20110612 Reuters KHARTOUM (Reuters) - Sudan's army denied on Sunday that any military aircraft were shot down in the border state of Southern Kordofan, where the northern military has been fighting armed groups for more than a week.
An official from the Southern Kordofan branch of the Sudan Peoples' Liberation Movement (SPLM), the south's dominant party, said on Saturday fighters had downed two northern warplanes in the state.
South Sudan is less than a month away from breaking off into an independent country, but fighting around the country's ill-defined north-south border has raised fears the two sides could return to open conflict.
The two sides have yet to agree on a number of sensitive issues, including the status of the disputed Abyei region, and how to share oil revenues and the national debt.
The north's President Omar Hassan al-Bashir and the south's President Salva Kiir were due to meet in Addis Ababa on Sunday to discuss the status of Abyei and other unresolved issues.
Clashes in the northern oil state of Southern Kordofan, which borders the country's south, broke out on June 5 and have since escalated to include aircraft and artillery. The United Nations has estimated tens of thousands have fled the fighting.
Analysts see Southern Kordofan as a flashpoint because it is home to many fighters, largely from the Nuba mountains region, who sided with the south during the last civil war.
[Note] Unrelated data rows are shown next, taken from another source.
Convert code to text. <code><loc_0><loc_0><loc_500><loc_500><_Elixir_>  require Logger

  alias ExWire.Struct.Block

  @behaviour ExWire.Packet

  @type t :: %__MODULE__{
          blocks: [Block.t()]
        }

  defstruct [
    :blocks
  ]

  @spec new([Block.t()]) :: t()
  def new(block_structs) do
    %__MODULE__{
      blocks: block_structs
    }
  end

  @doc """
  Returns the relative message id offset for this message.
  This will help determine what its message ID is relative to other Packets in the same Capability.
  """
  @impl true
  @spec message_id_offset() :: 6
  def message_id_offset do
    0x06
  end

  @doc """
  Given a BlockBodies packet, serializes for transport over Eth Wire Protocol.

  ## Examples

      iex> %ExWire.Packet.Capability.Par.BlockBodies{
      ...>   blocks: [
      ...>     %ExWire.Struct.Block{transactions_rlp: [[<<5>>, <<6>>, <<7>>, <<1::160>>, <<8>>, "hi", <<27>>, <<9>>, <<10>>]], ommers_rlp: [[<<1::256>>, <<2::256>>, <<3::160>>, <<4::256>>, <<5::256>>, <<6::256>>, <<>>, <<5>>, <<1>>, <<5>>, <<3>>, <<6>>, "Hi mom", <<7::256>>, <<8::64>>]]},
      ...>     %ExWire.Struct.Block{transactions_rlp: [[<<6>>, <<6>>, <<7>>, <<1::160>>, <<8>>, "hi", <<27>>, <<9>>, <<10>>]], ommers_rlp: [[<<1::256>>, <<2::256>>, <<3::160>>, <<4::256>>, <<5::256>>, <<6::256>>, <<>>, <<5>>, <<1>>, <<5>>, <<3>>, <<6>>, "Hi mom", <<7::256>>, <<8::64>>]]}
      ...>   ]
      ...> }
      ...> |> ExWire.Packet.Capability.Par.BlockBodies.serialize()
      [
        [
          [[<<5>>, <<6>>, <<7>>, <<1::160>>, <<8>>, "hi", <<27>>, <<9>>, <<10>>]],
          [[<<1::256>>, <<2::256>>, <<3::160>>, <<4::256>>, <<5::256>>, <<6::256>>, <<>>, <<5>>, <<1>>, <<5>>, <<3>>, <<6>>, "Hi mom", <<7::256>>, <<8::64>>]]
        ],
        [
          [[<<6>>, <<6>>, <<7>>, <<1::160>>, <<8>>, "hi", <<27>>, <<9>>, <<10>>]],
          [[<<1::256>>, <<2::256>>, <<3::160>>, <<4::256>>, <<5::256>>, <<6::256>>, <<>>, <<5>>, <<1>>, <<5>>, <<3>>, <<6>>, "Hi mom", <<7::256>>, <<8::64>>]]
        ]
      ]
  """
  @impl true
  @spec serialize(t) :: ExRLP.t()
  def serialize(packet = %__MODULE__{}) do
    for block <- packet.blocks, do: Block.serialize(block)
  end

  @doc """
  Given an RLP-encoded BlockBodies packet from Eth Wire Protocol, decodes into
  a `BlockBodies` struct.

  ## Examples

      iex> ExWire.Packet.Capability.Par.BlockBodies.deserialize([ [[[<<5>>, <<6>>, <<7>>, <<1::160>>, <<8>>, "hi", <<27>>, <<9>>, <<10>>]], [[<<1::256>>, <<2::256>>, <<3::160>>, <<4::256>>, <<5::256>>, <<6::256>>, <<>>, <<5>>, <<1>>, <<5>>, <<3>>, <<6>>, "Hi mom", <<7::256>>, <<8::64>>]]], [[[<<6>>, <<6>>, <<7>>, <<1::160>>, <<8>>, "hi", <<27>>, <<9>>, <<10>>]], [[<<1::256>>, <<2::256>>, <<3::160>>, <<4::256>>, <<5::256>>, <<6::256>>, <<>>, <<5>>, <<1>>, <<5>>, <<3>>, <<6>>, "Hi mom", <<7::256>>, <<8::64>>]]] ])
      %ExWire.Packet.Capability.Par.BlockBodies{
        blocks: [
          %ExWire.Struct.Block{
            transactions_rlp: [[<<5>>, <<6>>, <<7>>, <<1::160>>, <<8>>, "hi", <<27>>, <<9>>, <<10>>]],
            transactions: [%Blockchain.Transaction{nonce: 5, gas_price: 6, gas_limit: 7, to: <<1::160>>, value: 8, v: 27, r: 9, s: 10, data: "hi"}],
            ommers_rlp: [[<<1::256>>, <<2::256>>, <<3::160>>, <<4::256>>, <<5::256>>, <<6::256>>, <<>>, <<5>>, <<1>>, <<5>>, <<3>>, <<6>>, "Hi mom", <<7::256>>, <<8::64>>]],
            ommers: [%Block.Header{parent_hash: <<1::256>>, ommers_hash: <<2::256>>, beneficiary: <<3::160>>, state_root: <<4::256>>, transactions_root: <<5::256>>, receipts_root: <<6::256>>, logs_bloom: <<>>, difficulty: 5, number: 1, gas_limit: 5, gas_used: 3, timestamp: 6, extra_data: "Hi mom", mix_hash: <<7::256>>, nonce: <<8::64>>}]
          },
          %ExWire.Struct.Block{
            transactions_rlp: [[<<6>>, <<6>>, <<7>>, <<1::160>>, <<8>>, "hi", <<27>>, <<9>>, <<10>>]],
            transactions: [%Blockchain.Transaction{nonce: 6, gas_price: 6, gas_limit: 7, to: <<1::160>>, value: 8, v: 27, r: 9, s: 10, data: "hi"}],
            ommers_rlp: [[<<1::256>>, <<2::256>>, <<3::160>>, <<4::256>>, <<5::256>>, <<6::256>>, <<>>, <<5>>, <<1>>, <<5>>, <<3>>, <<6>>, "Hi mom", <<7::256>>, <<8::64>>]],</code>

In a statement, northern army spokesman Al-Sawarmi Khaled accused the SPLM of interfering in "northern affairs" in Southern Kordofan and said the northern army was working to restore stability in the state.
"It is not true at all that aircraft belonging to the armed forces were shot down in the area," he added.
South Sudan opted to secede in a January vote which had been promised by a 2005 north-south peace deal. The two sides warred for decades over oil, religion, ethnicity and ideology.